Reproduce the entries below exactly, but only from the line containing "to latex. <formula><loc_0><loc_0><loc_500><loc_500>C" to the line containing "0 0 0</formula>", inclusive.

*** Recorded information

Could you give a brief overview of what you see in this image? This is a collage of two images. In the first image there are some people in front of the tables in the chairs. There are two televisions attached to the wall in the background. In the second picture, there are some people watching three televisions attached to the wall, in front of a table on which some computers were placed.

******
*** Recorded information

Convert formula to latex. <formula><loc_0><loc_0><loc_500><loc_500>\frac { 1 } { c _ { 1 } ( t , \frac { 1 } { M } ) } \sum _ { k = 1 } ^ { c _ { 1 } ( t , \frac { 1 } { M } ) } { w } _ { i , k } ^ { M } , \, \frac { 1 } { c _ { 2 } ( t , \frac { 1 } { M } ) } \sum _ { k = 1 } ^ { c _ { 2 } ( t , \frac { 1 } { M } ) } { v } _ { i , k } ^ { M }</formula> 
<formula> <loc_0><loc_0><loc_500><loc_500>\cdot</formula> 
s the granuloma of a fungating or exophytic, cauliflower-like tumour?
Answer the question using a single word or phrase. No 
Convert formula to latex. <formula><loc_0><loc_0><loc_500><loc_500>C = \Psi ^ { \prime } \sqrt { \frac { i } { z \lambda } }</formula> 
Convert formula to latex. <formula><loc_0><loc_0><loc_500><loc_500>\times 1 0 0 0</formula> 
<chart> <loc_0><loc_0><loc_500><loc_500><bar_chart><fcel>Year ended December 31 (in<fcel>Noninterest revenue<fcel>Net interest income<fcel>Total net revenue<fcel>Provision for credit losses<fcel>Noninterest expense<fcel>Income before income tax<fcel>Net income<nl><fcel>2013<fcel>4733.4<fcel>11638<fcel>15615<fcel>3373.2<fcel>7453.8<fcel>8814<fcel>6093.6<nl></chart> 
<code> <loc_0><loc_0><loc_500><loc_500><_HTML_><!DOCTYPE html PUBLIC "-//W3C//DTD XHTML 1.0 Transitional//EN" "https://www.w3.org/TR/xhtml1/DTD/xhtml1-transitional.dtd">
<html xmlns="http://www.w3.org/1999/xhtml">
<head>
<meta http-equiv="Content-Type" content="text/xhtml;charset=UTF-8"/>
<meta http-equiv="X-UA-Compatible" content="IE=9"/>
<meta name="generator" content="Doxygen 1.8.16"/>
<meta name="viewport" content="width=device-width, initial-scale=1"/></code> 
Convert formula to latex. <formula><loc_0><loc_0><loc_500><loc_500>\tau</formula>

******
*** Recorded information

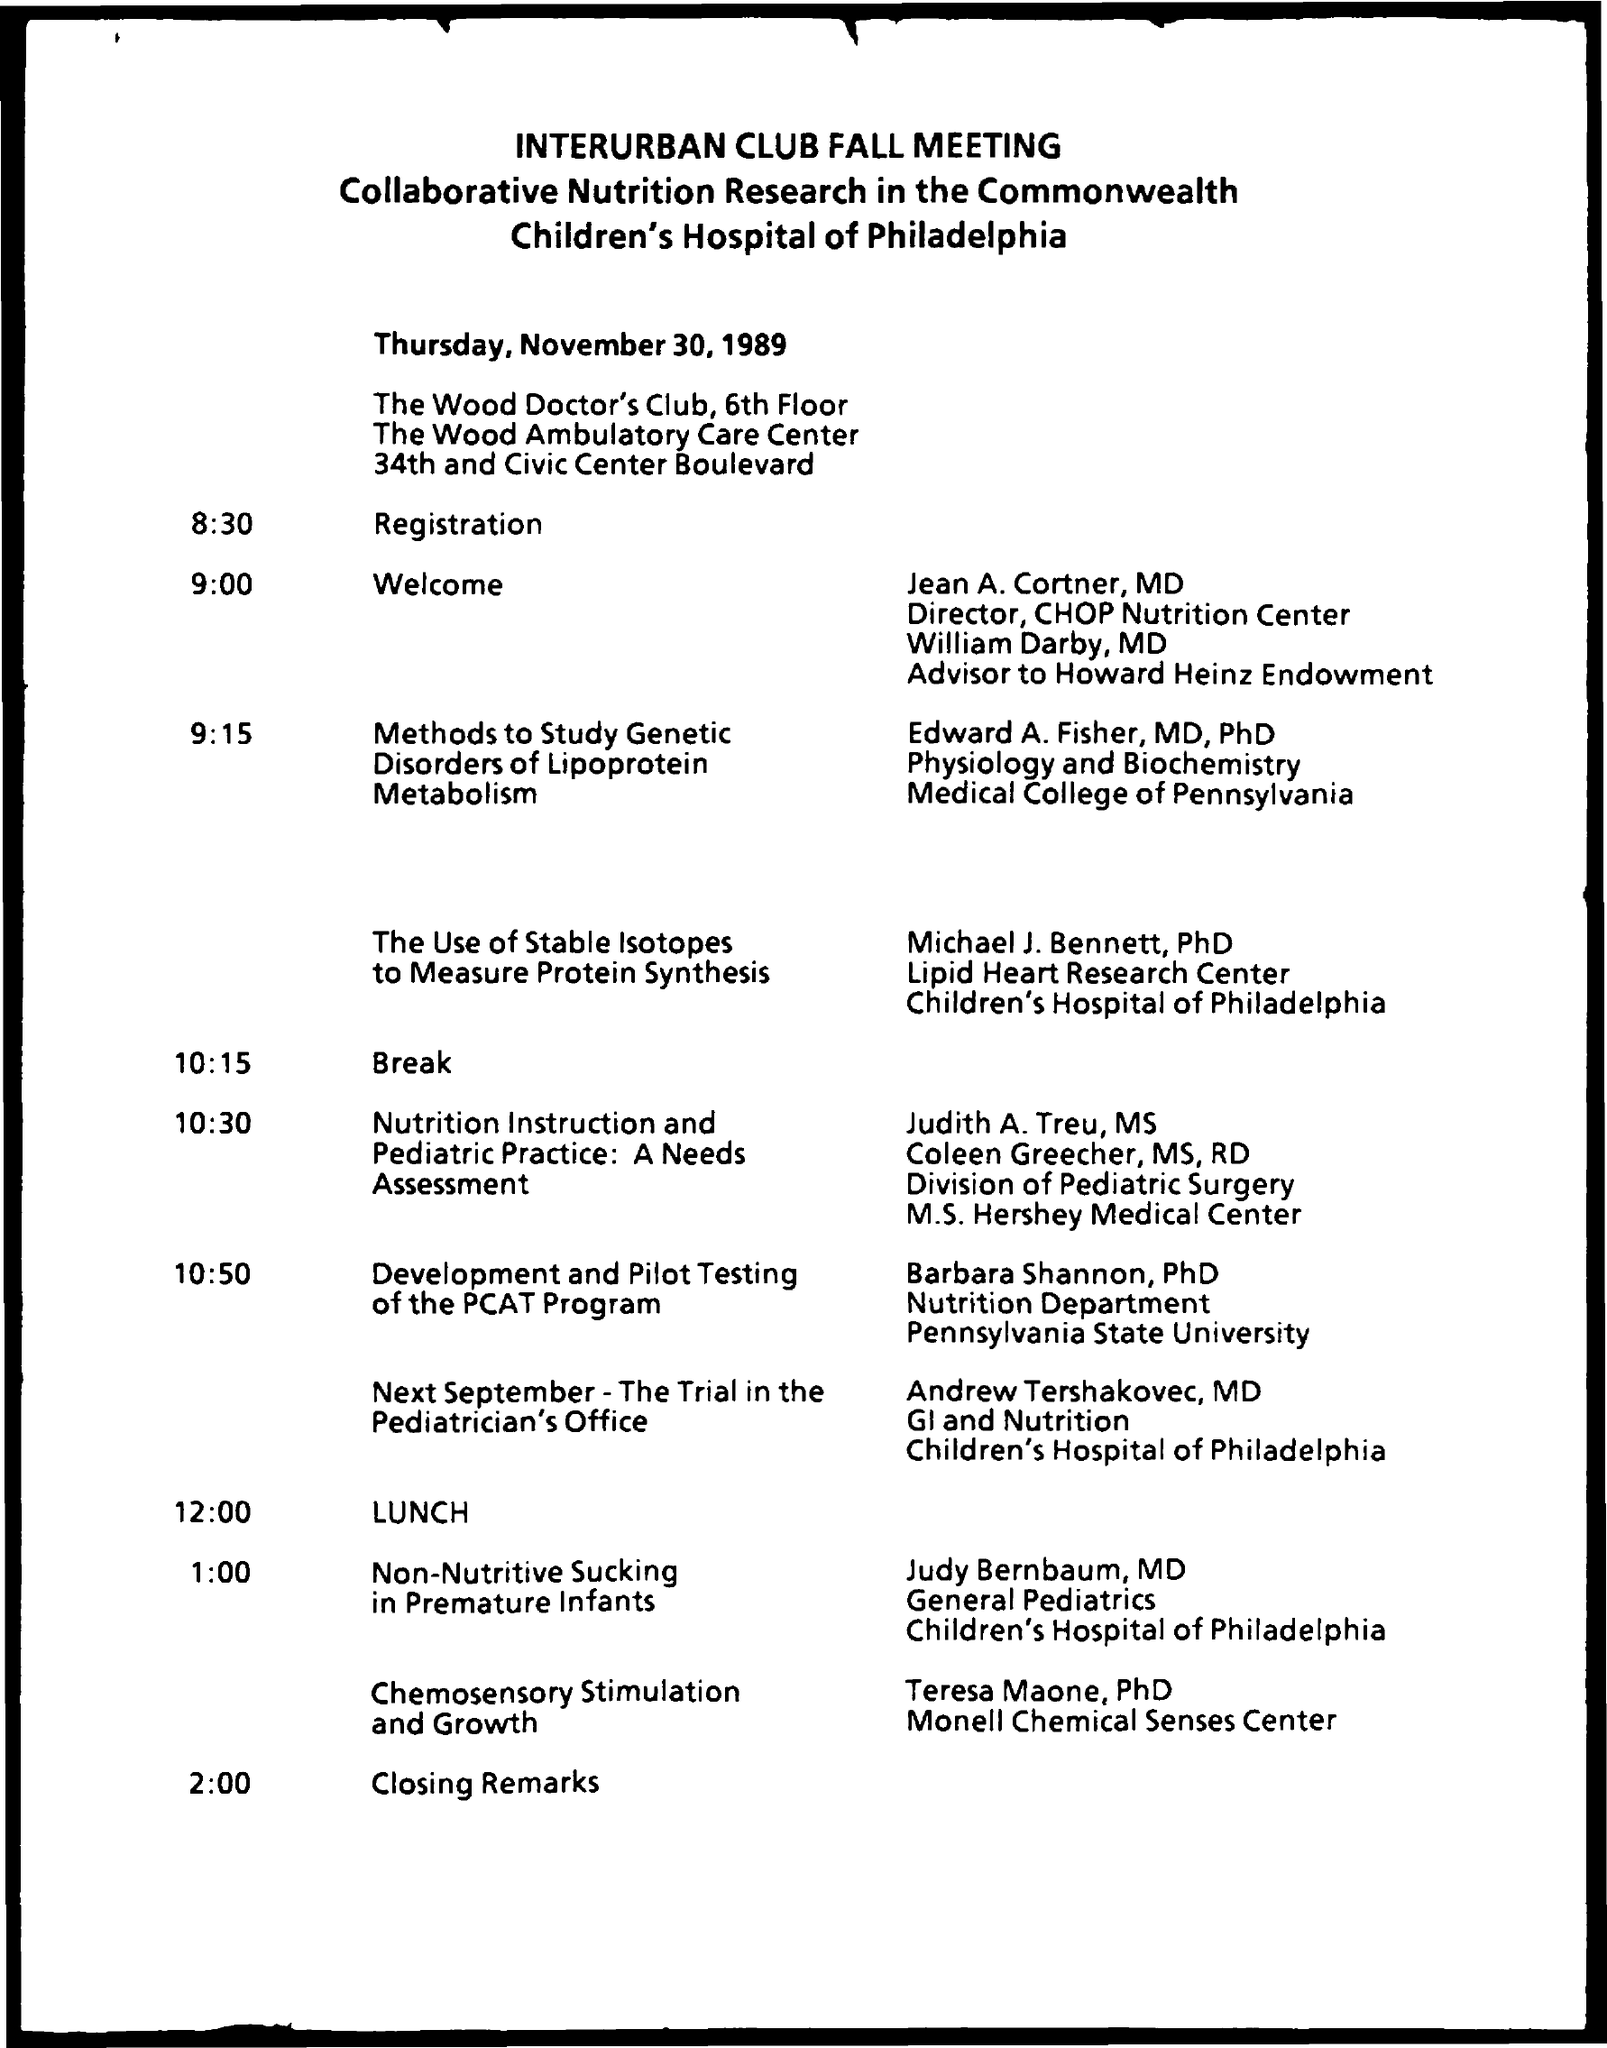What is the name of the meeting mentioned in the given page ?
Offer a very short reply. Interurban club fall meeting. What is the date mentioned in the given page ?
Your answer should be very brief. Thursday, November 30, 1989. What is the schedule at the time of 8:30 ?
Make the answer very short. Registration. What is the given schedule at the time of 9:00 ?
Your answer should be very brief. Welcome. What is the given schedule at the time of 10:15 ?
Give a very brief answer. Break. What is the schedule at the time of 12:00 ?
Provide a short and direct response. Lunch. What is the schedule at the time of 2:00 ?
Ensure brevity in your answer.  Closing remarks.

******

◆ Solution to this exercise ◆
Convert formula to latex. <formula><loc_0><loc_0><loc_500><loc_500>C = \Psi ^ { \prime } \sqrt { \frac { i } { z \lambda } }</formula> 
Convert formula to latex. <formula><loc_0><loc_0><loc_500><loc_500>\times 1 0 0 0</formula> 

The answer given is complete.